## Task details
Reproduce the data below word for word, setting aside any picture it holds.

## Data for the task
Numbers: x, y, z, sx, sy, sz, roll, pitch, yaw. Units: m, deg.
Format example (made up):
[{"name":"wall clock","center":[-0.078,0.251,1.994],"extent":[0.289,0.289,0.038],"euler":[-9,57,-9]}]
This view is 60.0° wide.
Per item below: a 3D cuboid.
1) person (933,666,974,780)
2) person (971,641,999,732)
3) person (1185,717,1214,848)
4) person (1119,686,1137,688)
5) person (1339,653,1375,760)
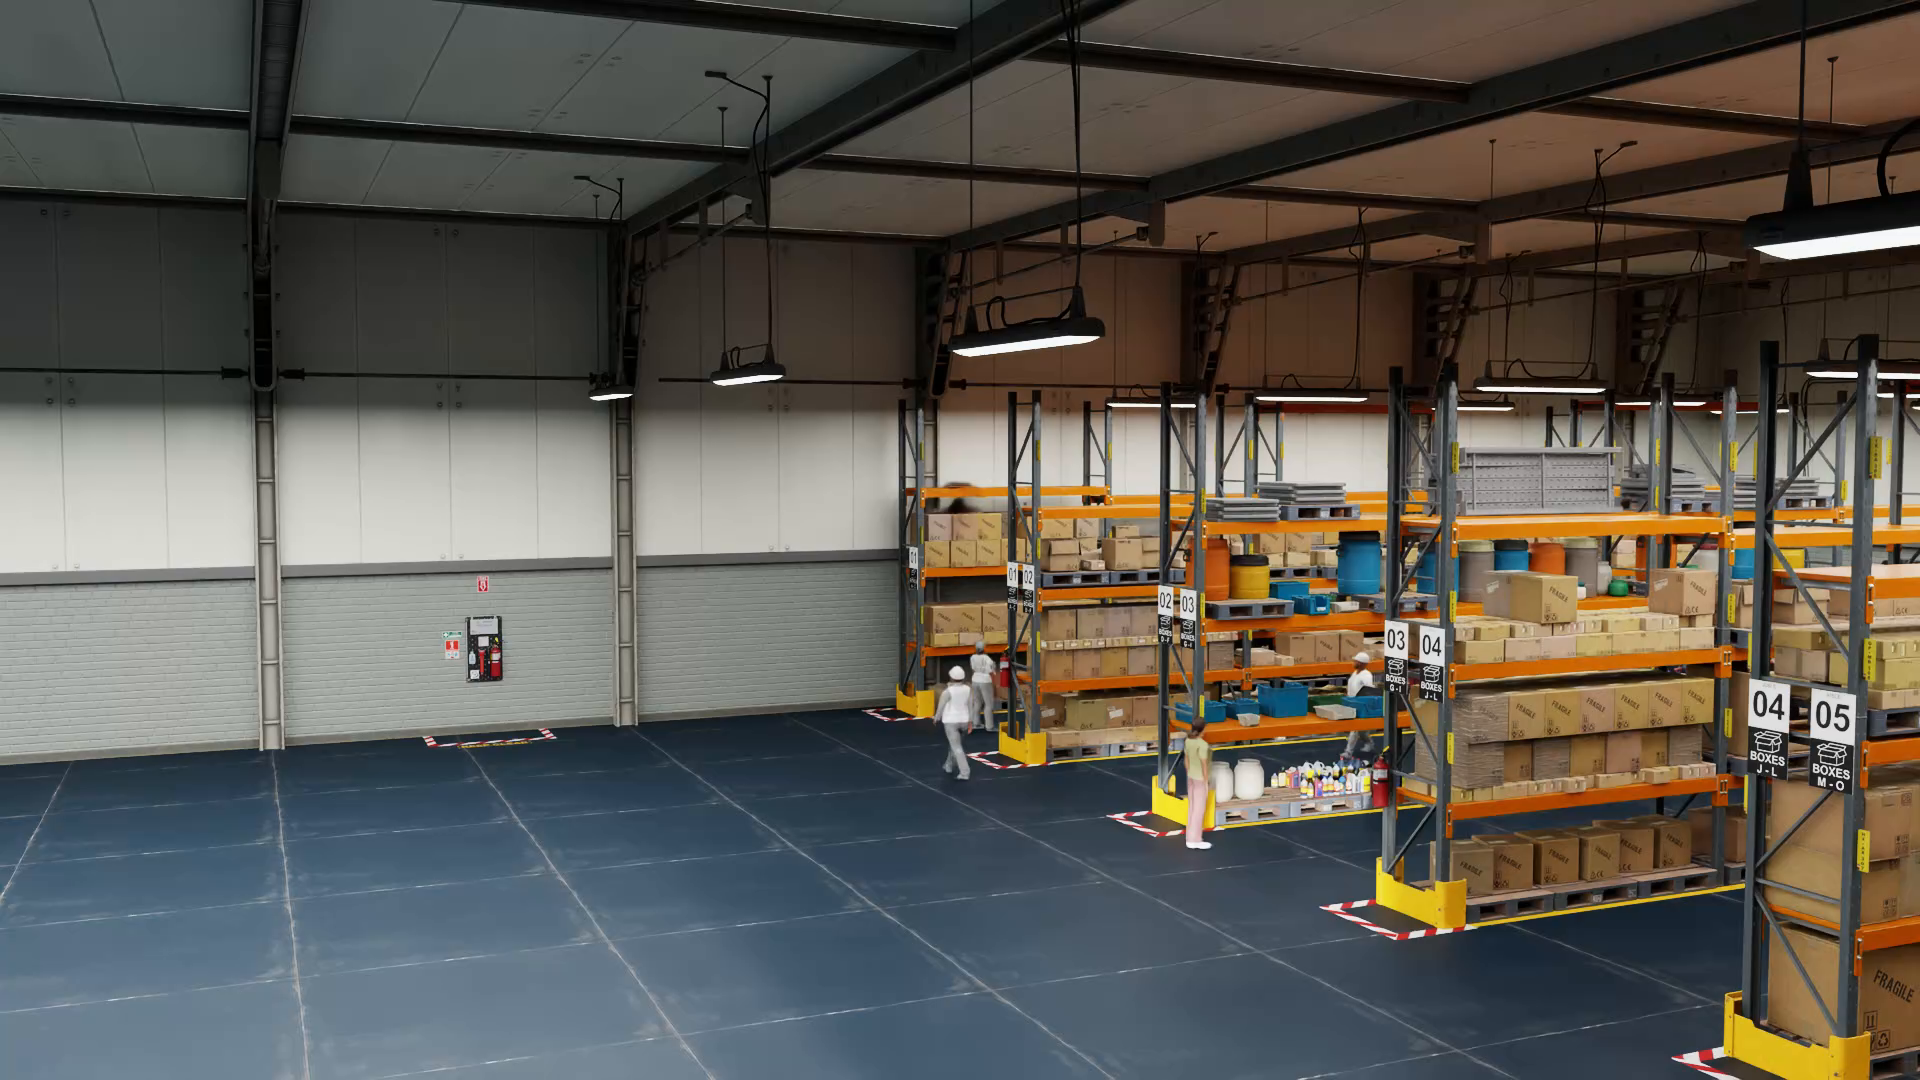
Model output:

## Task solution
Numbers: x, y, z, sx, sy, sz, roll, pitch, yaw. Units: m, deg.
Format example (made up):
[{"name":"wall clock","center":[-0.078,0.251,1.994],"extent":[0.289,0.289,0.038],"euler":[-9,57,-9]}]
This view is 60.0° wide.
Per item below: a 3D cuboid.
1) person (933,666,974,780)
2) person (971,641,999,732)
3) person (1185,717,1214,848)
4) person (1119,686,1137,688)
5) person (1339,653,1375,760)
Model output:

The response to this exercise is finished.